I have to give them credit for honesty, though: LifeLock admits right out that the main four preventive things they do you could do for yourself. Beyond that, the main substance they seem to offer is essentially an insurance package:

"If your Identity is stolen while you are our client, we’re going to do whatever it takes to recover your good name. If you need lawyers, we’re going to hire the best we can find. If you need investigators, accountants, case managers, whatever, they’re yours. If you lose money as a result of the theft, we’re going to give it back to you."

For $110/year or $10/month, is such an insurance policy overpriced, underpriced, or what?

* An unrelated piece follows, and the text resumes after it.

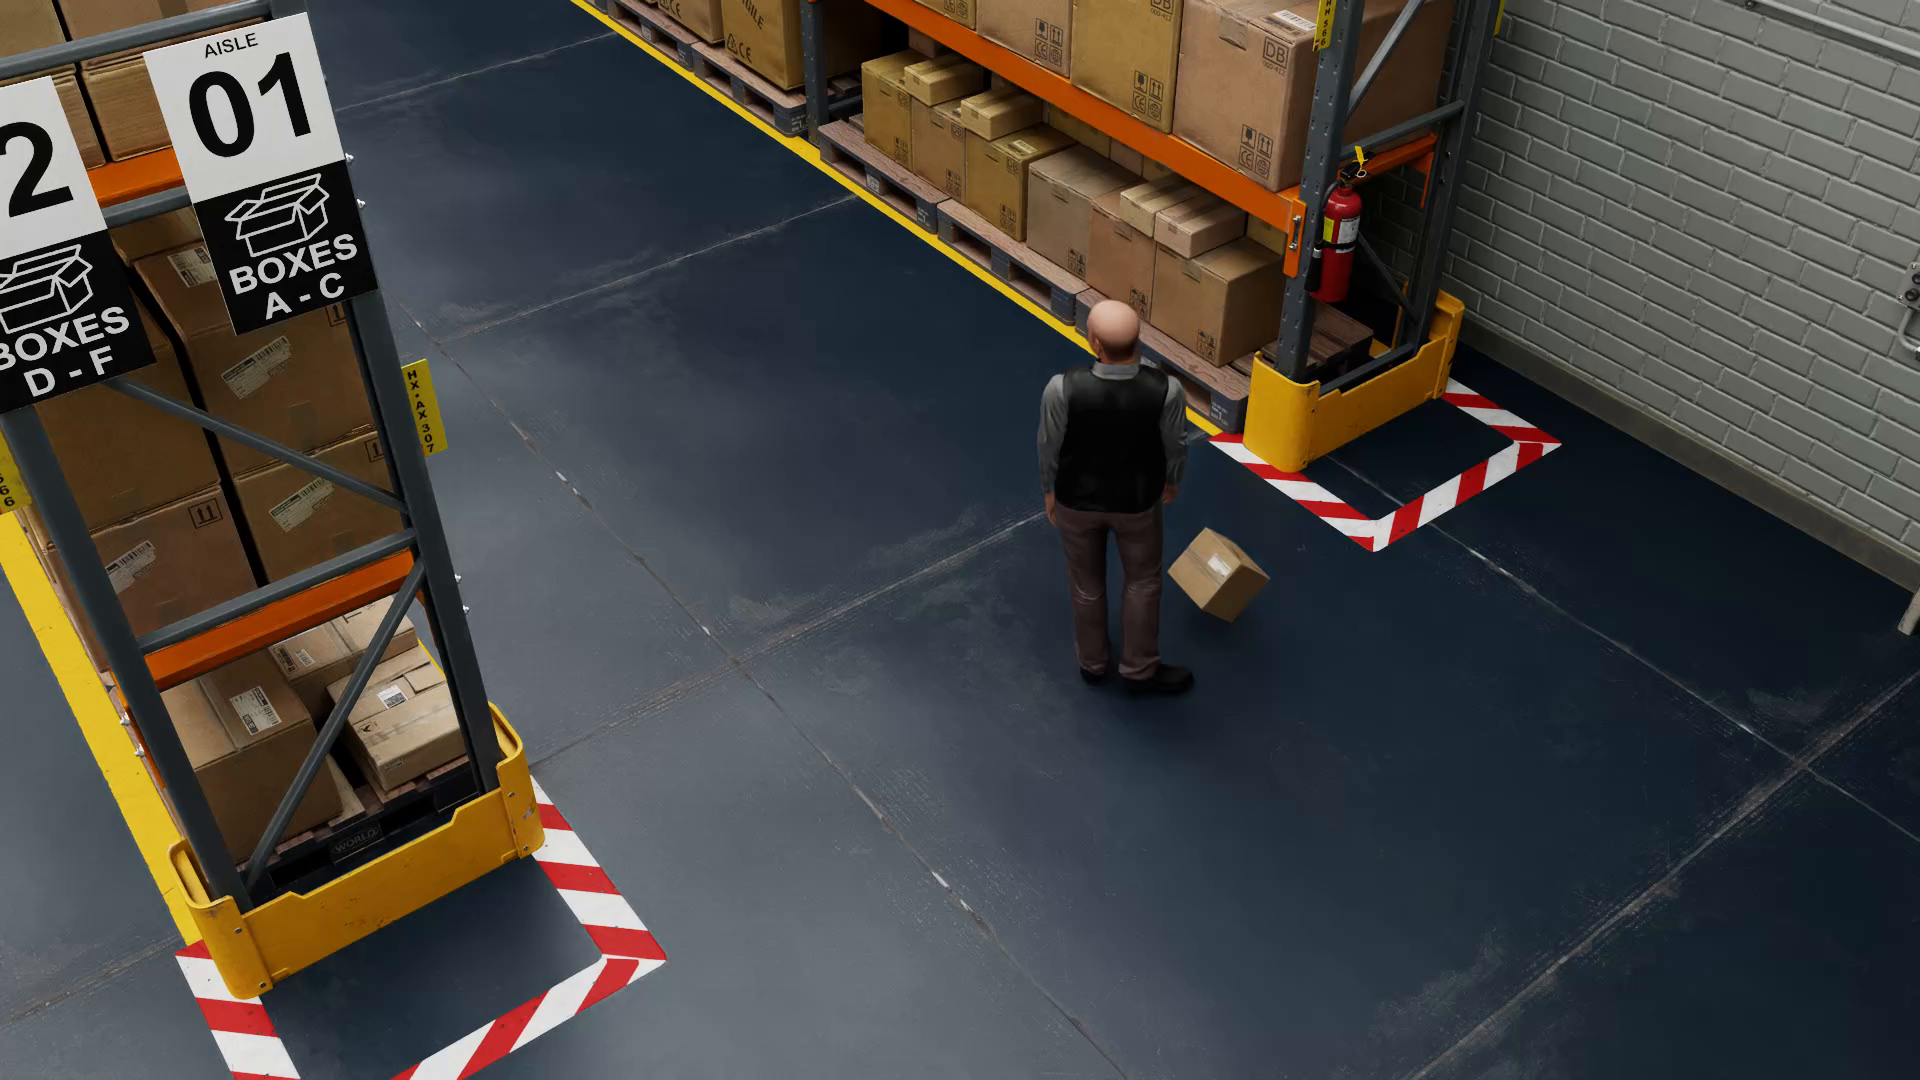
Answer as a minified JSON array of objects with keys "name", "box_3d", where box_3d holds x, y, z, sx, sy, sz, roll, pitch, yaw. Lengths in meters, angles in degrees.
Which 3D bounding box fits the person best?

It's possible easier for the second provider to be transparent and open. After all they are selling insurance for stuff that is a validated disaster. The first provider is trying to cover a problem which is not yet a disaster, so there is a sort of nervousness about baring all.

How viable is this model? The first thing would be to ask: can't we fix the underlying problem? For identity theft, apparently not, Americans want their identity system because it gives them their credit system, and there aren't too many Americans out there that would give up the right to drive their latest SUV out of the forecourt.

On the other hand, a potential liability issue within a game would seem to be something that could be solved. After all, the game operator has all the control, and all the players are within their reach. Tonight's pop-quiz: Any suggestions on how to solve the potential for large/class-action suits circling around dodgy characters and identity?

(Manual trackbacks: Perilocity suggests we need identity insurance in the form of governments taking the problem more seriously and dealing with identity thefts more proactively when they occur.)